Metaphor and its Role in Social Thought: History of the Concept Metaphor has resisted any wide agreement as concept, yet the last few decades have witnessed a burgeoning of work and interest in metaphor and its related tropes. The many attempts to theorize metaphor have included, inter alia, characterizations of metaphor as ‘comparison,’ as ‘without meaning,’ as ‘anomaly,’ ‘speech act,’ ‘loose talk,’ ‘interaction,’ and ‘intentional category mistakes.’ These attempts have had the form of trying to assimilate metaphor under a previously existing understanding of language—a move that is itself metaphorical. This resistance to conceptualizing suggests that it might be more helpful to consider metaphor in terms of its uses.

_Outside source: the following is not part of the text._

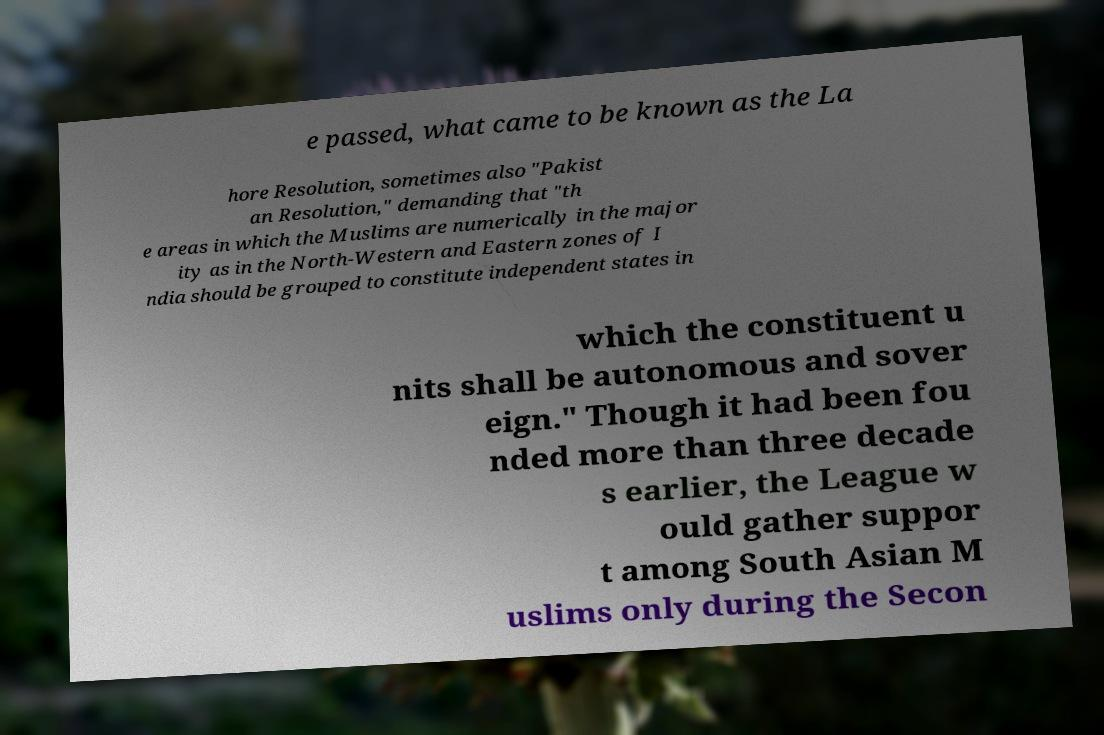Can you accurately transcribe the text from the provided image for me? e passed, what came to be known as the La hore Resolution, sometimes also "Pakist an Resolution," demanding that "th e areas in which the Muslims are numerically in the major ity as in the North-Western and Eastern zones of I ndia should be grouped to constitute independent states in which the constituent u nits shall be autonomous and sover eign." Though it had been fou nded more than three decade s earlier, the League w ould gather suppor t among South Asian M uslims only during the Secon 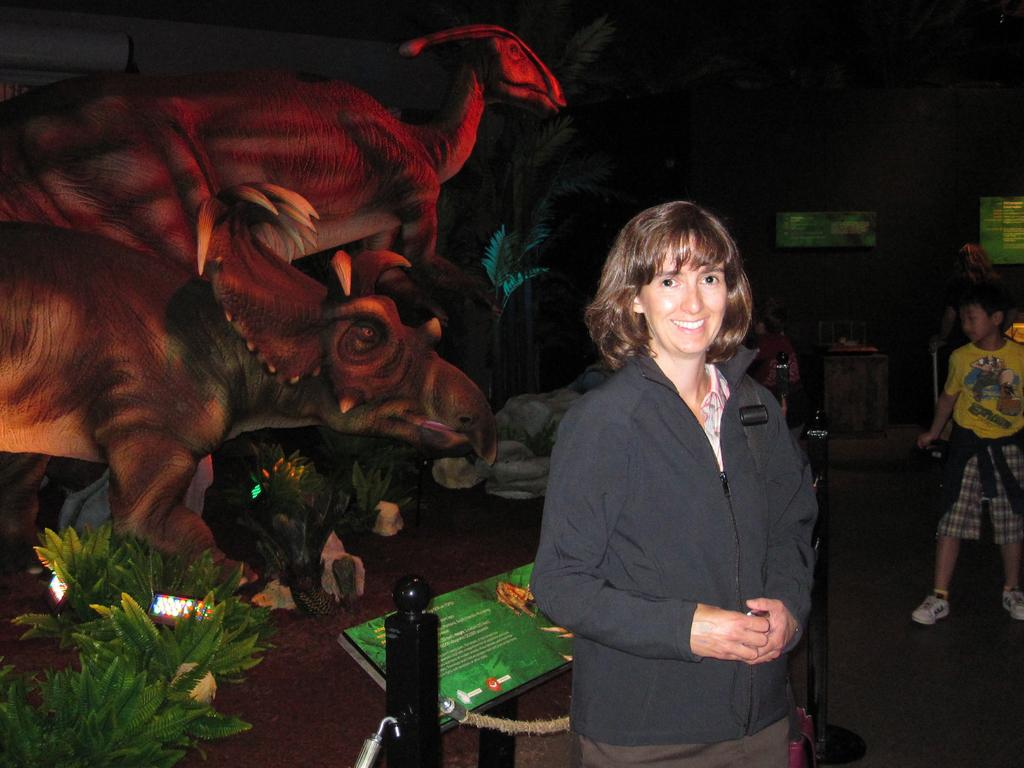What is the woman in the image doing? The woman in the image is giving a pose for a photograph. What can be seen in the background of the image? There are dinosaur sculptures and plants in the background of the image. Where is the boy located in the image? The boy is standing on the right side of the image. What type of planes can be seen flying in the image? There are no planes visible in the image; the image features a woman posing for a photograph with dinosaur sculptures and plants in the background.

1. Aristotle For most of its life metaphor has had its home in rhetoric, and it has been to Aristotle that writers have usually turned for the earliest considerations. He understood it as ‘giving a thing a name that belongs to something else,’ and thought that ‘the greatest thing by far is to have a command of metaphor.’ Not all writers have heeded the contexts within which Aristotle wrote. His teacher, Plato, had sufficient doubts about the value of metaphor that he barred poets from his Republic. Aristotle, by contrast, found uses for metaphor, not only in politics where rhetoric enabled a man to be heard effectively in public, but also in law, where juries were suspicious of evidence that could be faked, and witnesses who could be bribed. They were, rather, influenced by arguments turning around a balance of probabilities, providing an important context for rhetoric. Aristotle cannot easily be read as limiting metaphor to the realm of ornament, or efficiency of utterance: he sees clear cognitive uses: … strange words simply puzzle us; ordinary words convey only we what we know already; it is from metaphor that we can best get hold of new ideas (1984 Rhetoric, lll,1410b).
We may suppose that Aristotle’s description of metaphor as giving something a name which belongs to something else, detailed as: ‘the transference being either from genus to species, or from species to genus, or from species to species, or on grounds of analogy’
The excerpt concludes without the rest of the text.